Editor ; Moh.Nasir Tula
Jakarta, beritasulteng.id – Polda Metro Jaya berhasil mengungkap dugaan rencana penghasutan kerusuhan menjelang aksi unjuk rasa yang dijadwalkan berlangsung di Jakarta dalam waktu dekat. Dalam pengungkapan tersebut, aparat kepolisian mengamankan tiga pria berinisial BDM, TSF, dan YM, yang diduga berperan aktif menyebarkan ajakan provokatif melalui media sosial.
Dari tangan para terduga pelaku, polisi menyita sejumlah barang bukti berupa enam buah bom molotov, beberapa unit telepon genggam yang diduga digunakan sebagai sarana penghasutan, serta masker gas respirator. Barang bukti tersebut menguatkan dugaan adanya rencana tindakan anarkis yang berpotensi mengganggu keamanan dan ketertiban umum di wilayah DKI Jakarta.

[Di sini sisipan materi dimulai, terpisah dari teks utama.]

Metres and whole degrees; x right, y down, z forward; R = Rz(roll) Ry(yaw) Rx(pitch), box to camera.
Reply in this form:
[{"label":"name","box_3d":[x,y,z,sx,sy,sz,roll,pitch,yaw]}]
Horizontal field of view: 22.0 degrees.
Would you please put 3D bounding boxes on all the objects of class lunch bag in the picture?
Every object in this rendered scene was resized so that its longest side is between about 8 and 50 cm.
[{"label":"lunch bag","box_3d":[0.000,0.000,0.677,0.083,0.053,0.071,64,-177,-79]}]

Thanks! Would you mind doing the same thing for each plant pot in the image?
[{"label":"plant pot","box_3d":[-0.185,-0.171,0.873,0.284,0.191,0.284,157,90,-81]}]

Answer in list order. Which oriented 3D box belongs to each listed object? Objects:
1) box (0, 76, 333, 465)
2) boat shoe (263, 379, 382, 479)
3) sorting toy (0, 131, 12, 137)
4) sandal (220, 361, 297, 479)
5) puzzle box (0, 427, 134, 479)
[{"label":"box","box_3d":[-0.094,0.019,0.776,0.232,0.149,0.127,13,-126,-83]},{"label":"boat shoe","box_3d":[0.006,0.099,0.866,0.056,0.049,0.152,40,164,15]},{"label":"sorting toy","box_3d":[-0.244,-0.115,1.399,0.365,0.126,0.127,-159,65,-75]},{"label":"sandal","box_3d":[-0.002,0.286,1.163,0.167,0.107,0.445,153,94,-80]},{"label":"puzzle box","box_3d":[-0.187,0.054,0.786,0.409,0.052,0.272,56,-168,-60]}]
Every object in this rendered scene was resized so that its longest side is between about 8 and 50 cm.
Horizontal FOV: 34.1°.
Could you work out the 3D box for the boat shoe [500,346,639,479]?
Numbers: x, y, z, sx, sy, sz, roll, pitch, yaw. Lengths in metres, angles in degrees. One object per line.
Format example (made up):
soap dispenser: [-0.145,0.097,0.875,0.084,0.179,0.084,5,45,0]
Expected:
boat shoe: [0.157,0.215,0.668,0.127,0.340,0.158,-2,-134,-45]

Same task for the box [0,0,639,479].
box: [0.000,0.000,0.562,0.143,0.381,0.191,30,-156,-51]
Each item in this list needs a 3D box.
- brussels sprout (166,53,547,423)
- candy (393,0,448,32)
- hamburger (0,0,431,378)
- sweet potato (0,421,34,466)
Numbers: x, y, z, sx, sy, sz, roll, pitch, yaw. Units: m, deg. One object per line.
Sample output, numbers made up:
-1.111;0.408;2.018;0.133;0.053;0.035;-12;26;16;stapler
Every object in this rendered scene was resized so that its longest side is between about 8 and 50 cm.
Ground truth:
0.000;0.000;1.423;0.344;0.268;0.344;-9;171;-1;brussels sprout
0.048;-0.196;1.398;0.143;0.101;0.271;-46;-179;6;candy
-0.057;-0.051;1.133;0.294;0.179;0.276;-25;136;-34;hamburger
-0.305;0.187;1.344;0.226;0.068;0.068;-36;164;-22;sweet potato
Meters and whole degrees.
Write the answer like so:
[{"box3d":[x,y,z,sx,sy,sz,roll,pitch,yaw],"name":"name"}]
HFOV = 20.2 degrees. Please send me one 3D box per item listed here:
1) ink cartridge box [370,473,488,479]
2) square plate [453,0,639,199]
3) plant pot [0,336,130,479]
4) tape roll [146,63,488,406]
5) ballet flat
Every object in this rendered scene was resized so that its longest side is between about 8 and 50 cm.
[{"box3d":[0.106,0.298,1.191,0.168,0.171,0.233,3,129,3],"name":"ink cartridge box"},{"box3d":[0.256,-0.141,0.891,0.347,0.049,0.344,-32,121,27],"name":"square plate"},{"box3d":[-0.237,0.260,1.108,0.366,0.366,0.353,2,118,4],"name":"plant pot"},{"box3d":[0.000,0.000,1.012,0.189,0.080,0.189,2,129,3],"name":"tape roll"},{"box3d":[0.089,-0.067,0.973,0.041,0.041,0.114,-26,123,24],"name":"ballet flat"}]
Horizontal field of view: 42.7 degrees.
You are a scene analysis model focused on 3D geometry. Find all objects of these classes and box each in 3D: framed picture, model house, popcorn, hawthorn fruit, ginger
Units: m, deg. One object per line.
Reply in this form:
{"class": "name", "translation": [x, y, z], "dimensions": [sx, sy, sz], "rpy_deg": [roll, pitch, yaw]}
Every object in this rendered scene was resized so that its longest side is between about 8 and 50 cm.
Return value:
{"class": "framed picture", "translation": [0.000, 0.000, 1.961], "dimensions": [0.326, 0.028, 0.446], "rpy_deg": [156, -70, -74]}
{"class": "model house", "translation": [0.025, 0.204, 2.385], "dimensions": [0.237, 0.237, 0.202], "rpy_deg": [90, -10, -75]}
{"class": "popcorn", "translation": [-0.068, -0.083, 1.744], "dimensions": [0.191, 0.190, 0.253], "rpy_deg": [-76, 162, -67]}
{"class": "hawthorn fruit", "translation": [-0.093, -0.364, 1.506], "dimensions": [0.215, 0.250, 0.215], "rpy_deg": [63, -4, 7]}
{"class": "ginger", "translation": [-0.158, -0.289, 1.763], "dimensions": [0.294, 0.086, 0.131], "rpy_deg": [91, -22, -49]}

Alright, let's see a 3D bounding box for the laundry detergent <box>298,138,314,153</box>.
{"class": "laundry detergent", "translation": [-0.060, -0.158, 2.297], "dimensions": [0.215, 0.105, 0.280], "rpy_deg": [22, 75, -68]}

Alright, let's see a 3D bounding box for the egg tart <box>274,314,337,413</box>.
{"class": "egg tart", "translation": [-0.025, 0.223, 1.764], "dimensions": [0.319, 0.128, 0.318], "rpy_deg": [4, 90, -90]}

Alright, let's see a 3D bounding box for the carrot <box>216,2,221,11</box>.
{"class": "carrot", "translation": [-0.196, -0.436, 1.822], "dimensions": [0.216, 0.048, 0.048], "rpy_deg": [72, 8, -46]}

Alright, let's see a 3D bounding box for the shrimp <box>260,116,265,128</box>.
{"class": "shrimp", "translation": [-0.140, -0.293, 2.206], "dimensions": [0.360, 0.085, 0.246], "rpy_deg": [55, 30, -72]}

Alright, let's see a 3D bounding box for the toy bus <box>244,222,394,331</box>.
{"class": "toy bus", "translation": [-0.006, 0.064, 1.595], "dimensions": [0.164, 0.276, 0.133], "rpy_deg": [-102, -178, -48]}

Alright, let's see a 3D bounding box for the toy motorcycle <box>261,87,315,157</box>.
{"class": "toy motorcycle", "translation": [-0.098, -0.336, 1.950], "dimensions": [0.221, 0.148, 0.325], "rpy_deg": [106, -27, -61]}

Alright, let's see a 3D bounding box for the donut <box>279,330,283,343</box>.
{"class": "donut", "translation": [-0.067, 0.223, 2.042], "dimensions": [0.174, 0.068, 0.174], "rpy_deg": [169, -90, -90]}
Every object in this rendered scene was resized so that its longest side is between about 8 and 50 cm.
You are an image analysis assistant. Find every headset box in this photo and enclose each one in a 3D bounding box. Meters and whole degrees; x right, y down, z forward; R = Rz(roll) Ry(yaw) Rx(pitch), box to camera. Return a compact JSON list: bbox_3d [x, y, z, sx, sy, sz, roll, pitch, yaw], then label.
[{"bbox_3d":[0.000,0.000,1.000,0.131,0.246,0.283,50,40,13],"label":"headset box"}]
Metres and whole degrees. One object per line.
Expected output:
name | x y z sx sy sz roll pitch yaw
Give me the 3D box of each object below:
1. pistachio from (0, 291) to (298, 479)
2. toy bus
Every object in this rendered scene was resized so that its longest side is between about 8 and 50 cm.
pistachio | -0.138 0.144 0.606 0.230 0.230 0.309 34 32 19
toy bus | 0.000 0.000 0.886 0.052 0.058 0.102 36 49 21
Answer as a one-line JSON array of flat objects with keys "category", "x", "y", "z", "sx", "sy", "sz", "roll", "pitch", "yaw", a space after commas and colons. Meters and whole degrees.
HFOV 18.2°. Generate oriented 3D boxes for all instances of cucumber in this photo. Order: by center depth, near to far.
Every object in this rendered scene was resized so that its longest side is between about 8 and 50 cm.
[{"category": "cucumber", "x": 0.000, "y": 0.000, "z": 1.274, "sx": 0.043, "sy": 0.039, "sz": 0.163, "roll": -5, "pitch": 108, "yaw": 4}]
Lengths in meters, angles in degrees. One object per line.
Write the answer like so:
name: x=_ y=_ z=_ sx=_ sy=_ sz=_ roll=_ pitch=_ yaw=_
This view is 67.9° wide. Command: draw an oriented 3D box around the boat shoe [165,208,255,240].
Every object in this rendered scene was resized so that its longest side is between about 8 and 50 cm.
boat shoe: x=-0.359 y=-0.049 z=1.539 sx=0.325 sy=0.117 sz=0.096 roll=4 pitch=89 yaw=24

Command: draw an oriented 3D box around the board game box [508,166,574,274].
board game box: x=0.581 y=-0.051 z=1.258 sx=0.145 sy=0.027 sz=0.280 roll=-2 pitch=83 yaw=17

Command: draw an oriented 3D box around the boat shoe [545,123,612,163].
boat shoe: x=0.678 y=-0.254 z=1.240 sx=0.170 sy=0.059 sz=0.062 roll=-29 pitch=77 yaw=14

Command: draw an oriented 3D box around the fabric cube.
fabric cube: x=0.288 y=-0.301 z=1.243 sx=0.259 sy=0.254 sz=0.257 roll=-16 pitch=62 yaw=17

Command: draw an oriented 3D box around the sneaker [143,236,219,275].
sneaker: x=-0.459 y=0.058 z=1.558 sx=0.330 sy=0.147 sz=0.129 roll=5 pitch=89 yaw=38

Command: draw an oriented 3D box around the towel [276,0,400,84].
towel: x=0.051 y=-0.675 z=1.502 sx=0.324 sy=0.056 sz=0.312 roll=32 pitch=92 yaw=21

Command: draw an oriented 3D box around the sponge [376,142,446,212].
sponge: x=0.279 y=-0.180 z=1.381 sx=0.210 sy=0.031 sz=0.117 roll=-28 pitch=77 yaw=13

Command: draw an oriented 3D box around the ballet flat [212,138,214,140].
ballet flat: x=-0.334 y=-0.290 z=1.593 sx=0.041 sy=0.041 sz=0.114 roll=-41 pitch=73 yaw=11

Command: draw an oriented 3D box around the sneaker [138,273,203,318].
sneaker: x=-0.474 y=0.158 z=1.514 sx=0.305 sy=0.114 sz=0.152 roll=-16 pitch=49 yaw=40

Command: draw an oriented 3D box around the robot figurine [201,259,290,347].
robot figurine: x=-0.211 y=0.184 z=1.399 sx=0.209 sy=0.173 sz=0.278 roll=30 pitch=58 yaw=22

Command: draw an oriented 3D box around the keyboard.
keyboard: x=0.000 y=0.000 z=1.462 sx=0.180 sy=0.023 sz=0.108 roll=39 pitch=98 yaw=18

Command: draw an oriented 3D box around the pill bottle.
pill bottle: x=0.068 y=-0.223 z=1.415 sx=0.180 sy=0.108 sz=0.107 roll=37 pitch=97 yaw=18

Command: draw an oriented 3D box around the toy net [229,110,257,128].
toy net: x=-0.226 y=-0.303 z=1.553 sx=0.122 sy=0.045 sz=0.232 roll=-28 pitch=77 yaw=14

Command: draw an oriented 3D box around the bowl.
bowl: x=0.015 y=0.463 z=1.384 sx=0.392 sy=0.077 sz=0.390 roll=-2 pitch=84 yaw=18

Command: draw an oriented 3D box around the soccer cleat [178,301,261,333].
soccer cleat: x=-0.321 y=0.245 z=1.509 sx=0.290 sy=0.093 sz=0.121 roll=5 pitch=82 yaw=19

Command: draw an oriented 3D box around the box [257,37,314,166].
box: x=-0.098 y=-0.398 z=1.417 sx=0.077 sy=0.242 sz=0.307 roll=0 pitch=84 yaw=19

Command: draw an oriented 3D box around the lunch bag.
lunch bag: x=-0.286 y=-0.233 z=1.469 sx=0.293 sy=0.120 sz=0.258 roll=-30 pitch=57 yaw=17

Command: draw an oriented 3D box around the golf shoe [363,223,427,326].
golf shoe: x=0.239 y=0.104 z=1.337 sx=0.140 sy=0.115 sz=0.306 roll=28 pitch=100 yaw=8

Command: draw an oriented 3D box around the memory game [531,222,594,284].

Kasus ini terungkap melalui patroli siber yang dilakukan Direktorat Siber Polda Metro Jaya. Temuan tersebut selanjutnya ditindaklanjuti oleh Satuan Tugas Penegakan Hukum dengan melakukan penelusuran, pengamanan, hingga penangkapan terhadap para terduga pelaku. Polisi menduga para tersangka tidak hanya melakukan provokasi di ruang digital, tetapi juga terlibat dalam perencanaan aksi kerusuhan, termasuk pembuatan bom molotov.
Sejumlah elemen masyarakat mengecam keras tindakan tersebut karena dinilai membahayakan keselamatan publik. Koordinator LAKSI (Lembaga Advokasi Kajian Strategis Indonesia), Azmi Hidzaqi, dalam keterangan persnya kepada jaringan media di Jakarta, menyatakan dukungan penuh terhadap langkah cepat dan tegas Polda Metro Jaya.
“Langkah tegas kepolisian sangat penting untuk mencegah terjadinya kerusuhan yang dapat merugikan masyarakat luas. Tindakan provokatif dan ancaman melalui media sosial merupakan bentuk teror yang meresahkan warga,” ujar Azmi.
Azmi juga memberikan apresiasi kepada Kapolda Metro Jaya Irjen Pol. Asep Edi Suheri, S.I.K., M.Si., beserta jajaran, yang dinilai berhasil menjaga stabilitas keamanan serta melindungi masyarakat dari potensi gangguan kamtibmas.
Lebih lanjut, Azmi menegaskan bahwa kebebasan menyampaikan pendapat di muka umum merupakan hak konstitusional warga negara, namun harus dilaksanakan secara damai dan bertanggung jawab.
“Demonstrasi adalah hak rakyat yang dijamin undang-undang. Namun apabila terdapat oknum yang memprovokasi kekerasan, merusak fasilitas umum, atau mengganggu keamanan masyarakat, maka itu sudah masuk ranah tindak pidana dan harus diproses secara hukum,” tegasnya.
Menurutnya, dukungan publik terhadap kinerja Polda Metro Jaya saat ini cukup besar. Elemen masyarakat juga menyatakan kesiapan untuk bersinergi dengan aparat kepolisian guna menciptakan suasana yang aman, tertib, dan kondusif di Ibu Kota.
“Atas nama masyarakat sipil, kami mengucapkan terima kasih kepada jajaran Polda Metro Jaya yang terus sigap dan profesional dalam menjaga keamanan Jakarta,” pungkas Azmi.